"The Art of Java Concurrent Programming" "Learning Notes" threadlocal and fork/join__ algorithms

5. Other 5.1, ThreadLocal

A solution to the problem of member variables in a multithreaded environment, but it has nothing to do with thread synchronization. The idea is to create a separate copy of the variable for each thread, so that each thread can independently change its own copy of the variable without affecting the corresponding copy of the other thread.

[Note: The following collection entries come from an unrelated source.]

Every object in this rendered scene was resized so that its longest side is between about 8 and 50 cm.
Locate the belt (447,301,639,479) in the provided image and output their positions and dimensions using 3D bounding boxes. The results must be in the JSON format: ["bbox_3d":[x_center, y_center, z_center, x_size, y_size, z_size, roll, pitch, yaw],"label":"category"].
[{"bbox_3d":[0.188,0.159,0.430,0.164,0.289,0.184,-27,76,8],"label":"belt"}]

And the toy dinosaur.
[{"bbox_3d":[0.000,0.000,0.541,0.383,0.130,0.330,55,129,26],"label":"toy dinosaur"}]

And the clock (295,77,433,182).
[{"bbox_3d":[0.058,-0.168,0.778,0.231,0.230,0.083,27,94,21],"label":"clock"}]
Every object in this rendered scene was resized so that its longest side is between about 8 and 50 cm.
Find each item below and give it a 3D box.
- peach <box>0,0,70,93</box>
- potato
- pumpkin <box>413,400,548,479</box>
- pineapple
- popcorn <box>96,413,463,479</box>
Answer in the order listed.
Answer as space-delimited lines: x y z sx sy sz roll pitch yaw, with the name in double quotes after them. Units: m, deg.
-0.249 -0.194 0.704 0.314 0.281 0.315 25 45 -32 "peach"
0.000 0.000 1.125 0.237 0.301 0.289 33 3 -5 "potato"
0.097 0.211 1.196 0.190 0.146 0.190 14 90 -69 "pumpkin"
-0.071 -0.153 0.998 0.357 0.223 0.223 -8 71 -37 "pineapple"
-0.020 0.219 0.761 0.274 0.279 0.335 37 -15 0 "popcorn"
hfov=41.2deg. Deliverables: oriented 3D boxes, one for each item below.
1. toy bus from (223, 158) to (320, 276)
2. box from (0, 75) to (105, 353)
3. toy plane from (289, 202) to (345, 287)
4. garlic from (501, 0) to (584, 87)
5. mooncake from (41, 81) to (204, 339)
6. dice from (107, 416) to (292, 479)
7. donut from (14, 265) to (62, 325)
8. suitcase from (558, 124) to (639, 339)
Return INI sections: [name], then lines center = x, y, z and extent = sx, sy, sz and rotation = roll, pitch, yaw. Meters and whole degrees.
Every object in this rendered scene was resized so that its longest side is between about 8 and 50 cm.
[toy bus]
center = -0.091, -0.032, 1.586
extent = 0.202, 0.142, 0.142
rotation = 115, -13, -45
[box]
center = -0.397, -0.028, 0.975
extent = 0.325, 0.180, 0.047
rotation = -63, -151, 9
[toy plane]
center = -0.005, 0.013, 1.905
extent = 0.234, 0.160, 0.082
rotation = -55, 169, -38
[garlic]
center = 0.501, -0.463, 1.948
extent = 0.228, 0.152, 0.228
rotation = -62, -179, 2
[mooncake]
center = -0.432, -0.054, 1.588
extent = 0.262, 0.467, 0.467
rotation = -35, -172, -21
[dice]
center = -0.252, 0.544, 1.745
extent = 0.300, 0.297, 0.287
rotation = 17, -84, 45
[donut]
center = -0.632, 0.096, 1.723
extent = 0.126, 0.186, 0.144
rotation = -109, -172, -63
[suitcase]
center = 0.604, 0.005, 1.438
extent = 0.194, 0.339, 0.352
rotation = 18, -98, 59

Threadlocal is not intended to solve the problem of shared variables, nor to reconcile thread synchronization, but to introduce a mechanism to facilitate each thread to handle its own state.

Four methods of threadlocal:

Get (): Returns the value in the current thread copy of this thread local variable.

InitialValue (): Returns the "initial value" of the current thread for this thread local variable.

Remove (): Removes the value of the current thread for this thread local variable.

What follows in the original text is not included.